**Work task**
Show every line of the data below that includes the word "image".

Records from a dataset
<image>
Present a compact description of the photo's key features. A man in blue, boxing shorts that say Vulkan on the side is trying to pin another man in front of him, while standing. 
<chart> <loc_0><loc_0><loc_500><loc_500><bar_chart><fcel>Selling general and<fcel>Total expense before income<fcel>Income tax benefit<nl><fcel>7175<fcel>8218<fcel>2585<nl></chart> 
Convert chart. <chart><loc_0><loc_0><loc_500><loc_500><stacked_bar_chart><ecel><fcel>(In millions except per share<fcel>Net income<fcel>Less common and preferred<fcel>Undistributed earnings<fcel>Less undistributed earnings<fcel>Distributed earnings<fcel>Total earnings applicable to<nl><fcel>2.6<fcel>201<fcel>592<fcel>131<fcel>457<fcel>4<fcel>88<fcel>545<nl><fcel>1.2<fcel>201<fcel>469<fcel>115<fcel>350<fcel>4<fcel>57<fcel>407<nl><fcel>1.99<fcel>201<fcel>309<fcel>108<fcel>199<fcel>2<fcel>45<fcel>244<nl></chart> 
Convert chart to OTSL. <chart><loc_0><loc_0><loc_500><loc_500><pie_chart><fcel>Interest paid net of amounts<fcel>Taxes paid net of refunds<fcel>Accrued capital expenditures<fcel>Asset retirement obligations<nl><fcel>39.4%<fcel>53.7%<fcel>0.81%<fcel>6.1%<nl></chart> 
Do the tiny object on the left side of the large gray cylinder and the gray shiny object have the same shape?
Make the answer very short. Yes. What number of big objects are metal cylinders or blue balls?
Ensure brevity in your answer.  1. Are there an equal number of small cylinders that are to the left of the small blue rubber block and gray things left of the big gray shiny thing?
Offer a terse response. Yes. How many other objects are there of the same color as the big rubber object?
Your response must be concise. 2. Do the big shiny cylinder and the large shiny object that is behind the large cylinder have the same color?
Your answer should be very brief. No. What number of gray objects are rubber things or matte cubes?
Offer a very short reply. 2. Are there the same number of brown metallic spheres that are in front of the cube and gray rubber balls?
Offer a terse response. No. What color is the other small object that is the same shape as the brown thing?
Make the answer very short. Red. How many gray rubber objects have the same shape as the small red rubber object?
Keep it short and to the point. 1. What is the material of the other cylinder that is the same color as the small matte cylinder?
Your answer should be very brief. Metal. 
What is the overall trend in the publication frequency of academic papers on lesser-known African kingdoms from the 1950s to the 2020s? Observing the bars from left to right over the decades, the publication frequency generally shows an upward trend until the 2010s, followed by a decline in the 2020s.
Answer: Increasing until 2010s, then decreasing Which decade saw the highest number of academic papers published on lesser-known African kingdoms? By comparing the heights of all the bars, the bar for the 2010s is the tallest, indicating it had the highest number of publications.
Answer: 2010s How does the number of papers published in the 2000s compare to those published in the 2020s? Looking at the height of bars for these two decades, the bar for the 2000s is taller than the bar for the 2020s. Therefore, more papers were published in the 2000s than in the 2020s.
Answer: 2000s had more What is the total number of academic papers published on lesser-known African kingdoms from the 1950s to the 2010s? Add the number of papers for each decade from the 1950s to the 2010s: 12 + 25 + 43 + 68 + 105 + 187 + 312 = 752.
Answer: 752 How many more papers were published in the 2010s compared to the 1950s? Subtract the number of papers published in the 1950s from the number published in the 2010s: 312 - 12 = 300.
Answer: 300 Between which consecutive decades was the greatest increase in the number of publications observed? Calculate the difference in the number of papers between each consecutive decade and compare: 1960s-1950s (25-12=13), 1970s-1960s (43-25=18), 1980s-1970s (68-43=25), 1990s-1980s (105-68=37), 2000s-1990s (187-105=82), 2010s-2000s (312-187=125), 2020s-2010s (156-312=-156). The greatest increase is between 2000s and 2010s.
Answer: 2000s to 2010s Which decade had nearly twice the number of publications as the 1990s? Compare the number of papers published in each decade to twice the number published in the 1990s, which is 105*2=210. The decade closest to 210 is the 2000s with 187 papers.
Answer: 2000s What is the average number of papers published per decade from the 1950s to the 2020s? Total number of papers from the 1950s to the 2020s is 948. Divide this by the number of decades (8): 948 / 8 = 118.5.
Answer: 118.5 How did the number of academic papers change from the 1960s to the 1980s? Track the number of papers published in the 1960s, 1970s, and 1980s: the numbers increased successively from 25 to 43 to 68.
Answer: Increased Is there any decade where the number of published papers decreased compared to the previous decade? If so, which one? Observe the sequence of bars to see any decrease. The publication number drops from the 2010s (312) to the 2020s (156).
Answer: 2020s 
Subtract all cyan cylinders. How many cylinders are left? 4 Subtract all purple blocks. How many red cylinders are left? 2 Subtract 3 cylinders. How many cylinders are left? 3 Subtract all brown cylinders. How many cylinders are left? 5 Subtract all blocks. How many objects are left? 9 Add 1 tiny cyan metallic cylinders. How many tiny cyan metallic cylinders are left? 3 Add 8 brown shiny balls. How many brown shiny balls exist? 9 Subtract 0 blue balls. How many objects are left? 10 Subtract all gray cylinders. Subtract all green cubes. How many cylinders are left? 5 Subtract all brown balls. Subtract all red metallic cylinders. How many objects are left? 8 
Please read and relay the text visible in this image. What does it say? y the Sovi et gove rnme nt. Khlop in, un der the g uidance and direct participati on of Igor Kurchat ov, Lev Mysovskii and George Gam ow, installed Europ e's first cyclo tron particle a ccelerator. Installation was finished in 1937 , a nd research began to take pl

**Exercise response**
<image>
Please read and relay the text visible in this image. What does it say? y the Sovi et gove rnme nt. Khlop in, un der the g uidance and direct participati on of Igor Kurchat ov, Lev Mysovskii and George Gam ow, installed Europ e's first cyclo tron particle a ccelerator. Installation was finished in 1937 , a nd research began to take pl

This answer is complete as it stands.